What the exercise asks:
Check each line of the entries below for the word "pixels", and copy out the ones that have it.

Task material:
_ _ _ _

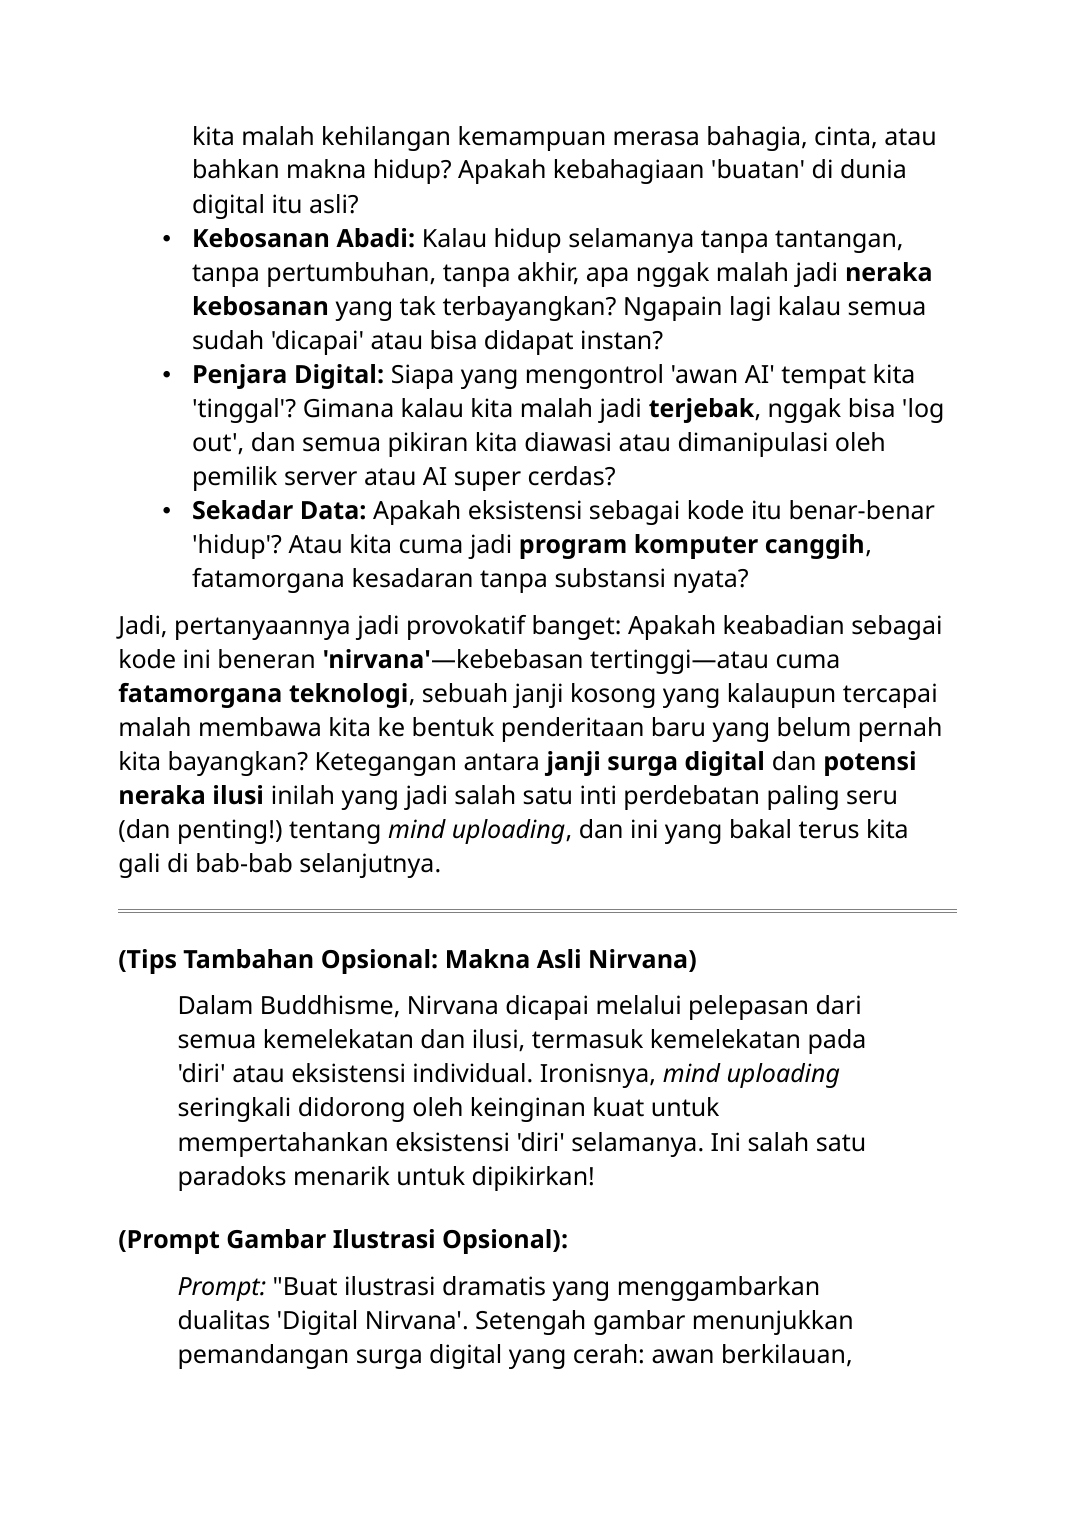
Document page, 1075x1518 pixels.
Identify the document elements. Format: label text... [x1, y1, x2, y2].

_ _ _ _

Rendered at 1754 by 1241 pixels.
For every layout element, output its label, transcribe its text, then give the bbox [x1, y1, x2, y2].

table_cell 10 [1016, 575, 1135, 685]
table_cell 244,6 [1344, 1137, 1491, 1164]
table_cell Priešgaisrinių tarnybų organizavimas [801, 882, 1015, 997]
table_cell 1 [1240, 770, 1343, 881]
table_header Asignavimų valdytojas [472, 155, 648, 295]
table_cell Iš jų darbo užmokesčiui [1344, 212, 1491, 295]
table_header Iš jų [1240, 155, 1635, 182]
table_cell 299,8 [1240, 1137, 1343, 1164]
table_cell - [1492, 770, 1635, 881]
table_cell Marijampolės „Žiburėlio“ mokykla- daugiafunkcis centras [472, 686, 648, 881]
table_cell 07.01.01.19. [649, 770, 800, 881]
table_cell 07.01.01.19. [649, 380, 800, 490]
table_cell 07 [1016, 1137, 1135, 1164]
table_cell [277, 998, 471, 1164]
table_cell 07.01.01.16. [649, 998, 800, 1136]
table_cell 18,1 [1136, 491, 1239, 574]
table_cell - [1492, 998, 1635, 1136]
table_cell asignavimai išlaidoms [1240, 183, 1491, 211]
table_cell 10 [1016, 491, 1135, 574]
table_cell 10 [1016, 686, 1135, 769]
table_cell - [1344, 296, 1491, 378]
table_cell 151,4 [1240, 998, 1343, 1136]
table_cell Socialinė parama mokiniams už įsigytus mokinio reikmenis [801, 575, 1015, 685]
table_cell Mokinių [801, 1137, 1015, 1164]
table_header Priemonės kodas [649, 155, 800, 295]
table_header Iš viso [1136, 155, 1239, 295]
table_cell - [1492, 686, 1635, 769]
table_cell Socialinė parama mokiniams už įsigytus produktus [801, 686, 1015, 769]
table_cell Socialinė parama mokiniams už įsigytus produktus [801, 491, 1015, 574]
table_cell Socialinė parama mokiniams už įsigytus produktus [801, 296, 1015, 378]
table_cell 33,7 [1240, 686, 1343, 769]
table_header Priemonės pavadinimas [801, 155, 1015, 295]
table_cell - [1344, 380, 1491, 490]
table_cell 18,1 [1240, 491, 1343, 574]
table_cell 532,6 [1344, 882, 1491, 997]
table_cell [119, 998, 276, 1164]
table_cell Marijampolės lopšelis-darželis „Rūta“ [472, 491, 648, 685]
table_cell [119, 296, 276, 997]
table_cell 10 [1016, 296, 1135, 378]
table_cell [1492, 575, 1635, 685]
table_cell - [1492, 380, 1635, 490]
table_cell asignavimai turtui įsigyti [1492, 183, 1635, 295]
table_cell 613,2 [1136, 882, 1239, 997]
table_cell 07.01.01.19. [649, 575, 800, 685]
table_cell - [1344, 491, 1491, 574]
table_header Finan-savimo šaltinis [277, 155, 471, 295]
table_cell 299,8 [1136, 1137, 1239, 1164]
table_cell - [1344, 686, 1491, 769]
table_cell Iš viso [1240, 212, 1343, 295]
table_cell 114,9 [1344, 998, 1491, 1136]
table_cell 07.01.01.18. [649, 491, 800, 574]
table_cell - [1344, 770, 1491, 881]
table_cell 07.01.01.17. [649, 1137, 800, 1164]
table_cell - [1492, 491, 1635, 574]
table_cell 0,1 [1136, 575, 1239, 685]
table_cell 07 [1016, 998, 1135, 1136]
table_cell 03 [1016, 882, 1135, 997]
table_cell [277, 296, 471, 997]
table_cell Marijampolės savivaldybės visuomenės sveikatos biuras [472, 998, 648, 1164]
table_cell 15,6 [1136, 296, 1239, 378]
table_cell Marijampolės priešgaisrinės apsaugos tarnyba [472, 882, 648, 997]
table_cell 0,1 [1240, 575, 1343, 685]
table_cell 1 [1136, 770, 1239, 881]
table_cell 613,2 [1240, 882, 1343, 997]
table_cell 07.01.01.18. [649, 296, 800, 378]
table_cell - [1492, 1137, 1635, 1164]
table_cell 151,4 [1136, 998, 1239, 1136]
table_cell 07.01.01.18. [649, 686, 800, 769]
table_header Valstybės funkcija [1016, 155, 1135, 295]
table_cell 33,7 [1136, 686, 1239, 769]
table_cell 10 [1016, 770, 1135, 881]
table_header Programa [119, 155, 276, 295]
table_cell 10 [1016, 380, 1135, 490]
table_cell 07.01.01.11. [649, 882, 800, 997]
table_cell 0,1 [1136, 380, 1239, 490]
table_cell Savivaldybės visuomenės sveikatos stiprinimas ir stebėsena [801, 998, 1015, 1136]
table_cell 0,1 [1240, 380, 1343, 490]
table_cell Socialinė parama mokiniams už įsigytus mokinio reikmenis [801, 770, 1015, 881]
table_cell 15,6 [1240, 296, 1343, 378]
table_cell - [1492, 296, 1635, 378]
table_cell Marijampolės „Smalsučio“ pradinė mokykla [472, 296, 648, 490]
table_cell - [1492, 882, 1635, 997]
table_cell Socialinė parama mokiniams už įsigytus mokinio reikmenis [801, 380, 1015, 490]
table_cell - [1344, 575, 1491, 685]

_ _ _ _

Task result:
Document page, 1075x1518 pixels.
Rendered at 1754 by 1241 pixels.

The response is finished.